The price tag, $100,000 for a lifetime membership, was staggering. The promise, even more so: a chance to live longer, possibly to 120 years old. And not just longer but better, free from chronic illness and cognitive decline, by which standard six figures starts to sound like a bargain. Before launching Longevity House, Michael Nguyen was best known as the haberdasher to Toronto's one-percenters. In 2021, Nguyen purchased a $3-million, 7,500-square-foot mansion in Mimico and packed it with the latest in high-performance fitness equipment: alongside the BioCharger is a Tonal (the weightlifting system LeBron James uses), a Carol (an artificially intelligent exercise bike) and a Katalyst (an electronic muscle-stimulation garment that looks like a wetsuit and promises "the world's most efficient workout"). There is also a red-light therapy room, a full-body vibration plate, a cold plunge tub, and a custom-built sauna. Nguyen and his team have secured partner-ships with in-demand health and wellness-practitioners-naturopaths, breathwork specialists, a chakra guy, a therapist who specializes in psychedelics, and functional-medicine doctors who read blood and stool samples like physiological tea leaves.

Biohacking - to "hack" one's biology for the purposes of optimization - is wellness spiked with gadgetry. It's New Age woo-woo with internet-age efficiency, Gwyneth Paltrow's Goop but for tech bros. (As yet, Longevity House has no female members, and on more than one occasion, I heard Joe Rogan's name spoken with reverence.) What is a biohack, exactly? That's hard to pin down since the category covers pretty much any health intervention, from the obvious to the outlandish. Yoga is a biohack. So is wearing a Fitbit. So are probiotics and mood-enhancing supplements, forest bathing, and looking deeply into another person's eyes for a full minute. Also DIY experimental gene editing, fecal transplantation, and uploading your consciousness onto an external server in the hopes of one day joining a race of cyborgs. (Elon Musk is working on it.) The common thread among biohackers is a mindset that views Mother Nature's work as a starting point.

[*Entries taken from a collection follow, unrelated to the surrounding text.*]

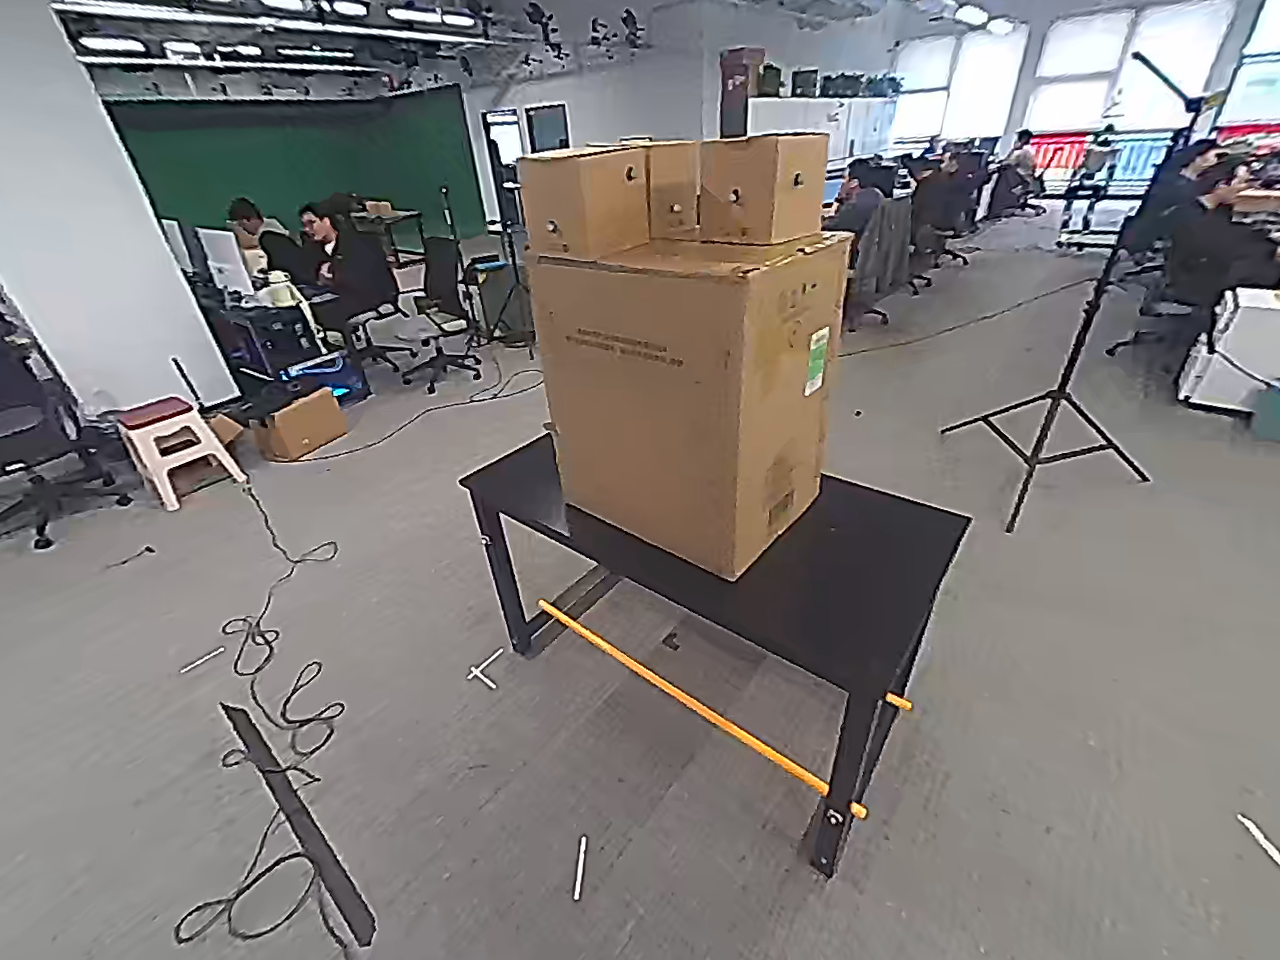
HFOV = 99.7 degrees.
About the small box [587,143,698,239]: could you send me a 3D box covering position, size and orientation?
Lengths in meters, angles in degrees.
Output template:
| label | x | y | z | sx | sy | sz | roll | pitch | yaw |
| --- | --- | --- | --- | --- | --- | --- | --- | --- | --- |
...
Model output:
| label | x | y | z | sx | sy | sz | roll | pitch | yaw |
| --- | --- | --- | --- | --- | --- | --- | --- | --- | --- |
| small box | 0.007 | -0.620 | 1.159 | 0.179 | 0.176 | 0.168 | 23 | 41 | 34 |
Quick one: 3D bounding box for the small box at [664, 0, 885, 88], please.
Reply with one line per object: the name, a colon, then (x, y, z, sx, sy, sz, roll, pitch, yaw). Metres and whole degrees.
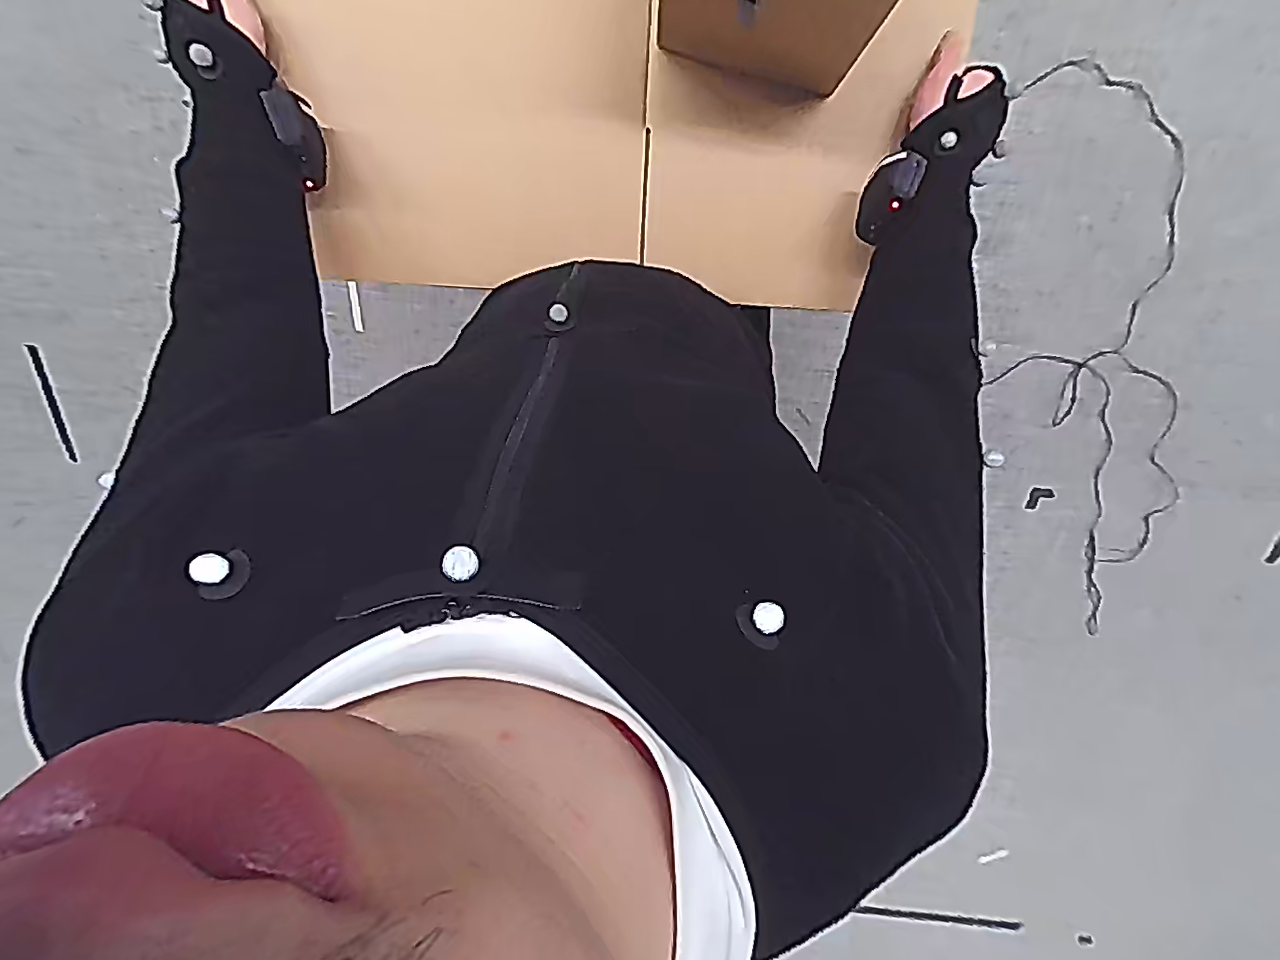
small box: (0.120, -0.450, 0.423, 0.179, 0.176, 0.168, 14, 103, -2)
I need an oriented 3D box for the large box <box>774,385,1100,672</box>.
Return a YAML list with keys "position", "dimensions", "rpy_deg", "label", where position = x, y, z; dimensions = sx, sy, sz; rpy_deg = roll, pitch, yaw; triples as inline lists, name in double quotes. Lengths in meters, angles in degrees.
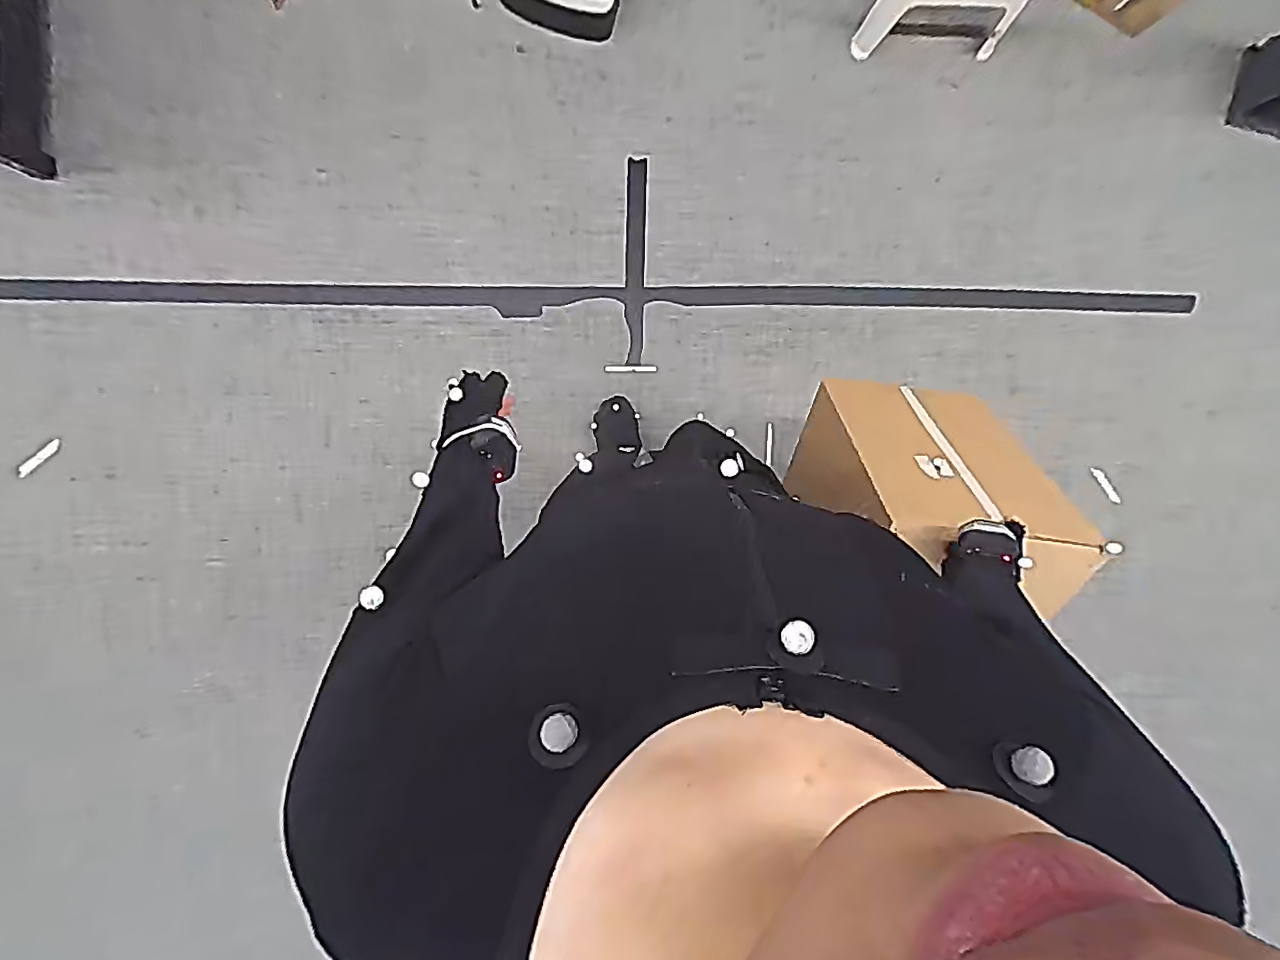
- position: [0.469, 0.077, 0.982]
  dimensions: [0.320, 0.408, 0.320]
  rpy_deg: [6, 129, -4]
  label: "large box"
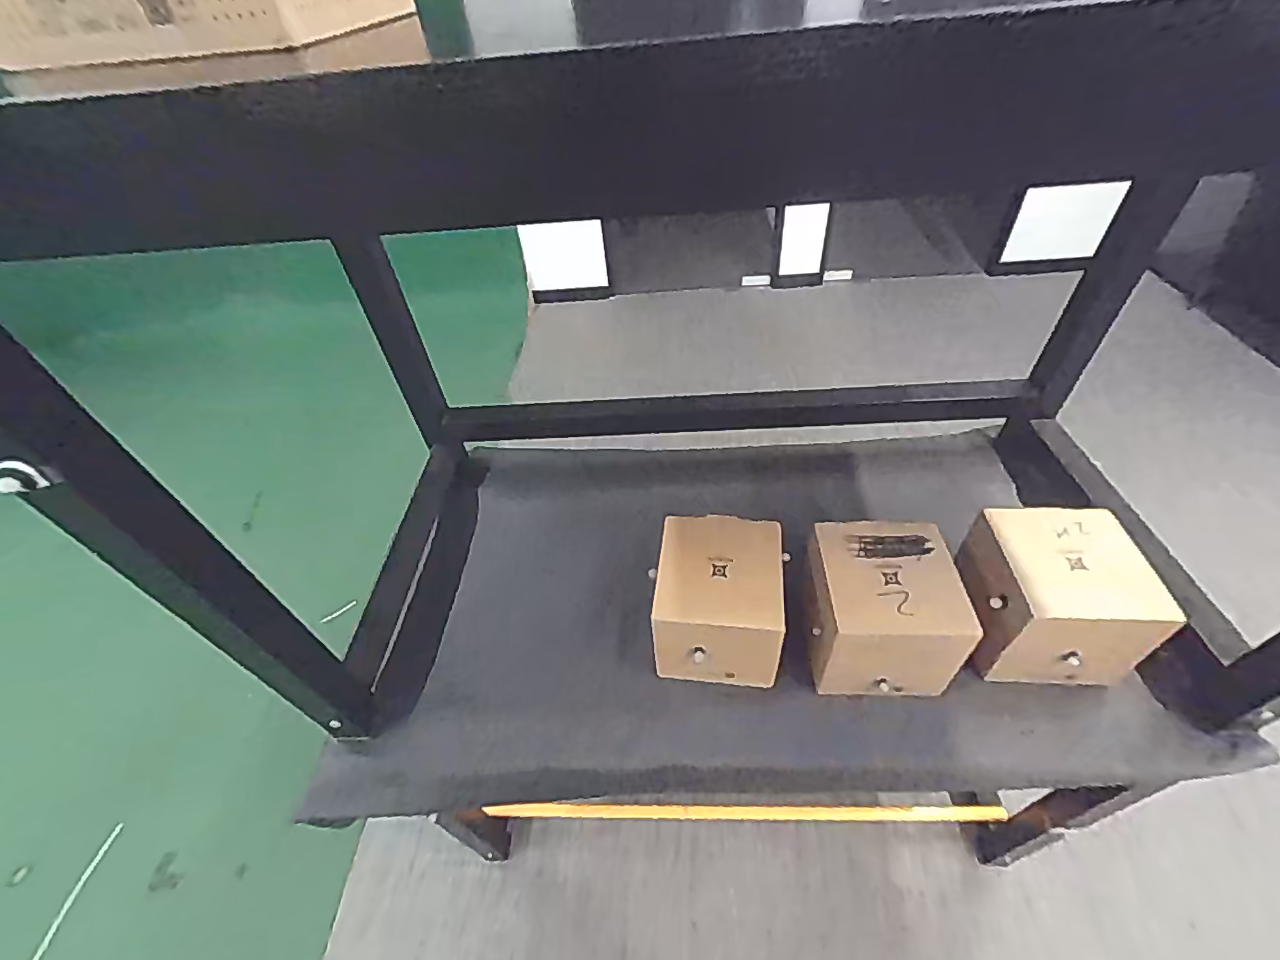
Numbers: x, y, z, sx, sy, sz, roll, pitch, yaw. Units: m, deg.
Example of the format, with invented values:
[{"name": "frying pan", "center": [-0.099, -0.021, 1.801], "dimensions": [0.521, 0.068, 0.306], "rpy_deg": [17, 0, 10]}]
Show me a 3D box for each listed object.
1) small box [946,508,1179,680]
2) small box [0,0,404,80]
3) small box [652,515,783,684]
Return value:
[{"name": "small box", "center": [0.553, 0.157, 0.743], "dimensions": [0.168, 0.176, 0.179], "rpy_deg": [0, 45, 6]}, {"name": "small box", "center": [-0.248, -0.324, 0.279], "dimensions": [0.168, 0.176, 0.179], "rpy_deg": [-1, 46, 5]}, {"name": "small box", "center": [0.114, 0.173, 0.780], "dimensions": [0.168, 0.176, 0.179], "rpy_deg": [3, 45, 9]}]
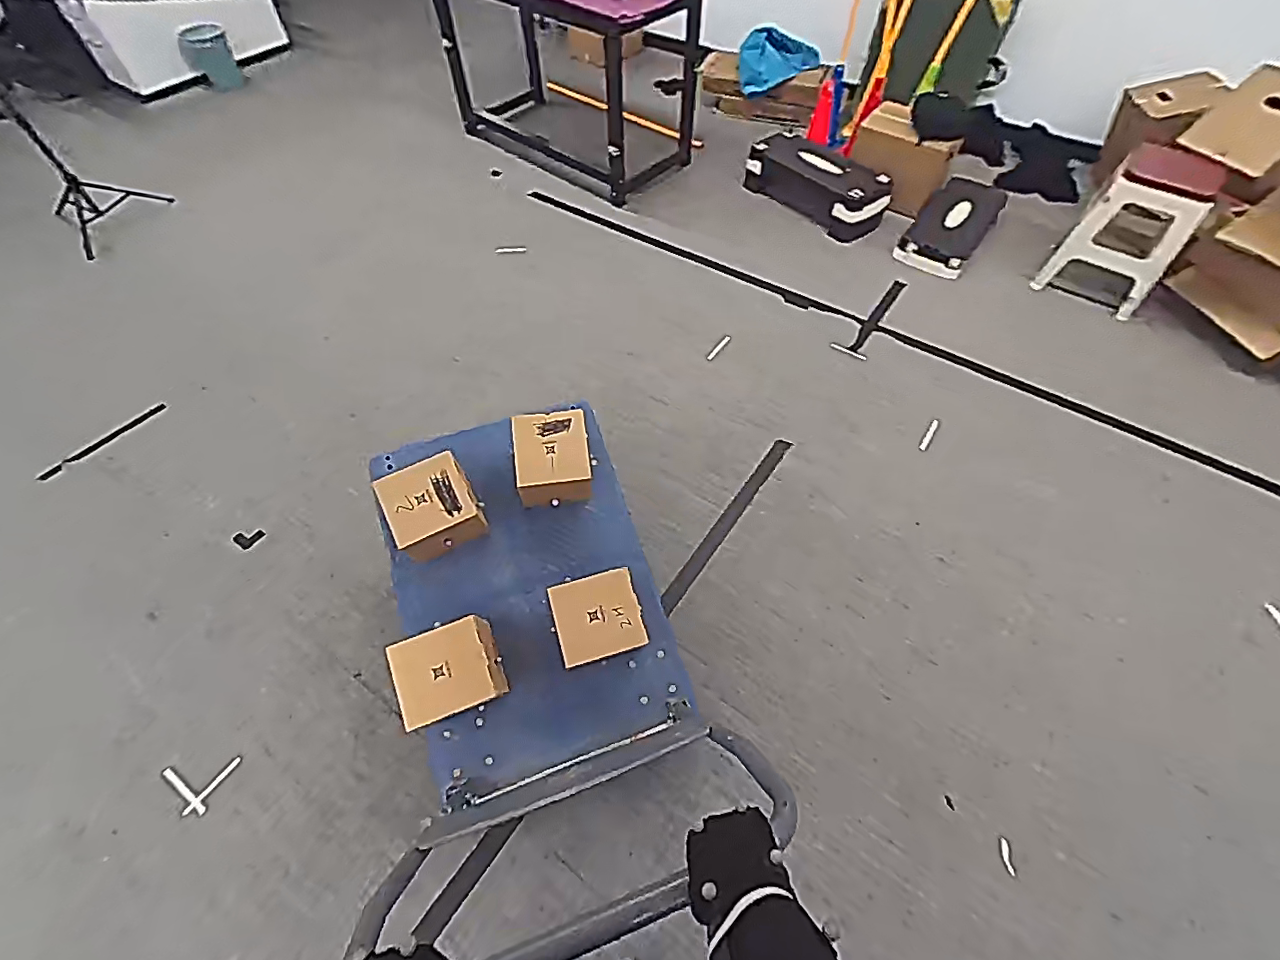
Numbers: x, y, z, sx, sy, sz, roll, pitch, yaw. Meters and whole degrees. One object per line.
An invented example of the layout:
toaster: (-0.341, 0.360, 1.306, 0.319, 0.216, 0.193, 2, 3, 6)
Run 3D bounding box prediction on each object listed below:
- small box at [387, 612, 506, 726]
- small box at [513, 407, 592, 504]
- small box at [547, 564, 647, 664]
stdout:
small box: (-0.391, 0.389, 1.117, 0.179, 0.176, 0.168, -19, 74, -13)
small box: (-0.208, -0.055, 1.290, 0.168, 0.176, 0.179, -7, 73, -8)
small box: (-0.094, 0.297, 1.178, 0.179, 0.176, 0.168, -14, 73, -10)
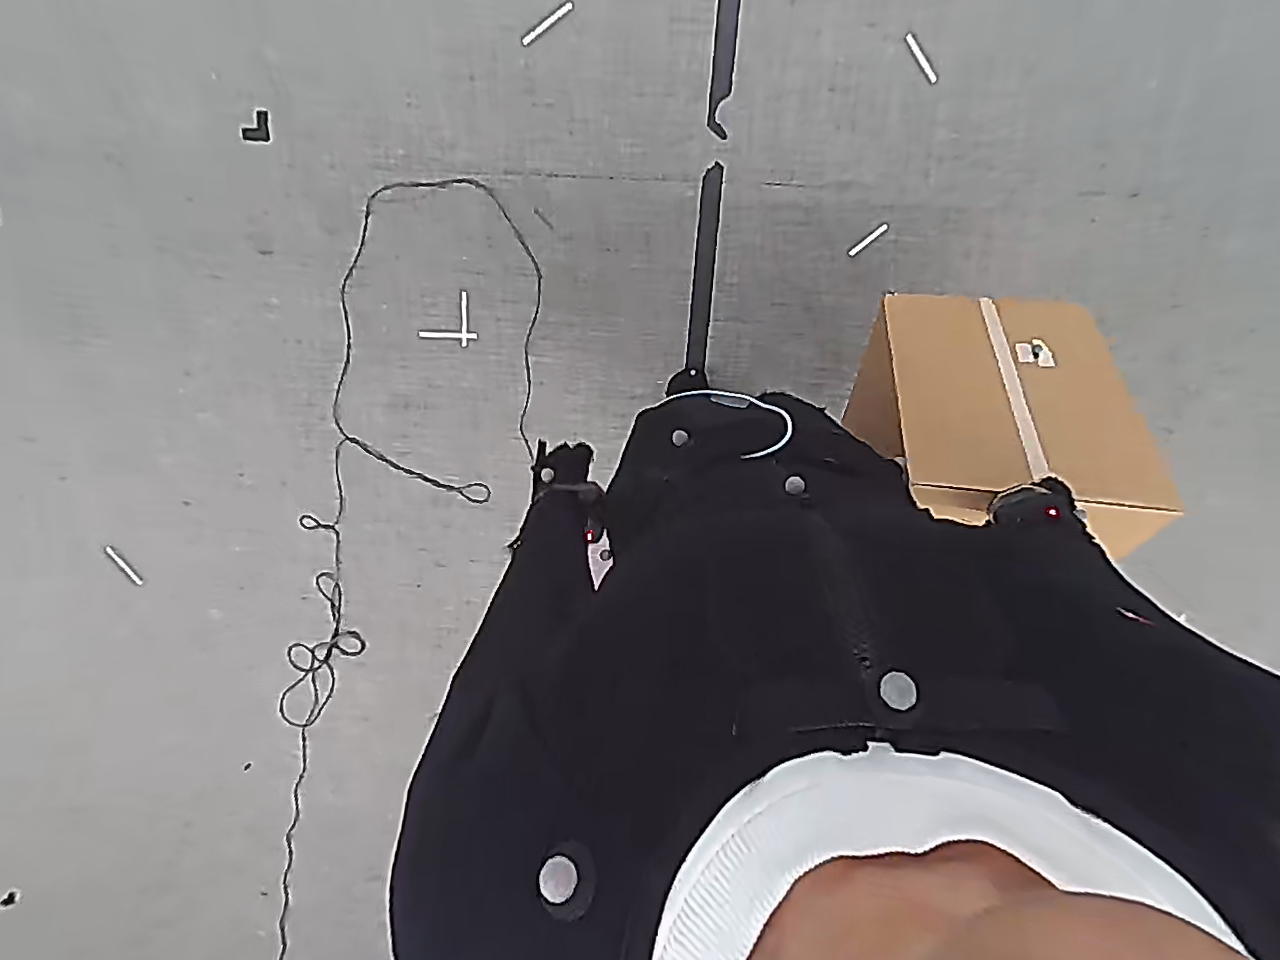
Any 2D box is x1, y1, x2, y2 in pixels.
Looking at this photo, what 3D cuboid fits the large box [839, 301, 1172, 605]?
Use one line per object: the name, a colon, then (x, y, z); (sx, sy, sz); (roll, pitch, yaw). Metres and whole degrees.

Nguyen is used to the naysayers - history is littered with them. "We're operating outside the norms of society, which can make people nervous," he says. And that's true, isn't it? Don't all breakthroughs start off as someone's outlandish idea? Wasn't Galileo convicted of heresy for his audacious insistence that the Earth orbits the sun? Isn't it possible that my staunch allegiance to science will leave me on my deathbed while the biohackers skateboard into the next century? Nguyen is a charming and passionate hype man. But is he a modern Galileo or just a guy cashing in on the latest craze?